Poet Charles Olson wrote, "There is no intelligence the equal of the situation." Jacque Ranciere wrote that, "All have equal intelligence." The idea seemed right that intelligence and compassion are less a matter of who has them, but more a matter of who responds to them as they present themselves within each situation. Thus, what a person is to do is to show up in each situation, attend to the reality revealing itself, respond to/with the intelligence and compassion found there, and cease considering yourself 'other' than the situation.
We are standing around what is standing around with and for us. Circumstance -- of which we are not-other.
Jose Ortega y Gasset (1883-1955) wrote, "Jo soy jo y mi circunstancia
For Ortega y Gasset, philosophy has a critical duty to lay siege to beliefs in order to promote new ideas and to explain reality. In order to accomplish such task the philosopher must, as Husserl proposed, leave behind prejudices and previously existing beliefs and investigate the essential reality of the universe. Ortega proposes that philosophy must, as Hegel proposed, overcome both the lack of idealism (in which reality gravitated around the ego) and ancient-medieval realism (which is for him an undeveloped point of view in which the subject is located outside the world) in order to focus in the only truthful reality (i.e. life). He suggests that there is no me without things and things are nothing without me, I (human being) can not be detached from my circumstances (world). This led Ortega to pronounce his famous maxim "Yo soy yo y mi circunstancia" ("I am myself and my circumstance") which he always situated in the core of his philosophy. For Ortega, as for Husserl, the Cartesian 'cogito ergo sum' is insufficient to explain reality"therefore the Spanish philosopher proposes a system where life is the sum of the ego and circumstance. This circunstancia is oppressive; therefore, there is a continual dialectical exchange of forces between the person and his or her circumstances and, as a result, life is a drama that exists between necessity and freedom. In this sense Ortega wrote that life is at the same time fate and freedom, and that freedom "is being free inside of a given fate. Fate gives us an inexorable repertory of determinate possibilities, that is, it gives us different destinies. We accept fate and within it we choose one destiny." In this tied down fate we must therefore be active, decide and create a "project of life" -- thus not be like those who live a conventional life of customs and given structures who prefer an unconcerned and imperturbable life because they are afraid of the duty of choosing a project.
(from AllExperts, About.com, Free Encyclopedia) http://en.allexperts.com/e/j/jo/josé_ortega_y_gasset.htm
"I am myself and my circumstance." (Ortega y Gasset)

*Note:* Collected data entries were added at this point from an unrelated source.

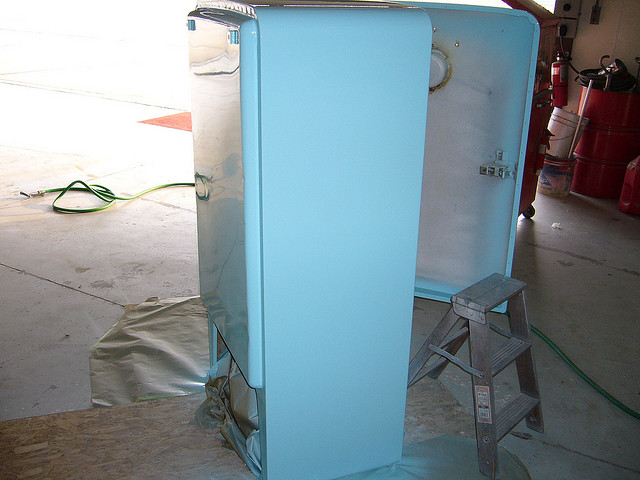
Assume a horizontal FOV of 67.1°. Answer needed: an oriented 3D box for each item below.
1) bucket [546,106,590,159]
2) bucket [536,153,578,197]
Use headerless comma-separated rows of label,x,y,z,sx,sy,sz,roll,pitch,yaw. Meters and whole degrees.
bucket,2.513,-1.097,5.034,0.268,0.505,0.144,14,23,25
bucket,2.639,-0.742,5.406,0.381,0.415,0.373,0,24,0

(Question): Where do we find ourselves?
(Response): Where are you?
Who am I?
What are you doing?
Am I free?
The rain has stopped. We had flooded celler and leaky roof (which is not quite finished being re-shingled). The Irish workman left the west side of dormer completely unprotected last season. The Scot temporarily cut and nailed an obtuse triangular temporary cover of plywood earlier this season. The roofer from Hope hadn't gotten to it yet last week. But the torrential rain coming from southwest did get to it. For hours of slashing downpour. The upstairs and downstairs bathrooms danced with dripping water through wall and ceiling. Pots and pans and multicolored towels bravely stood their ground during the deluge. Saskia fortified the troops. The battle subsides. All is well. And wet.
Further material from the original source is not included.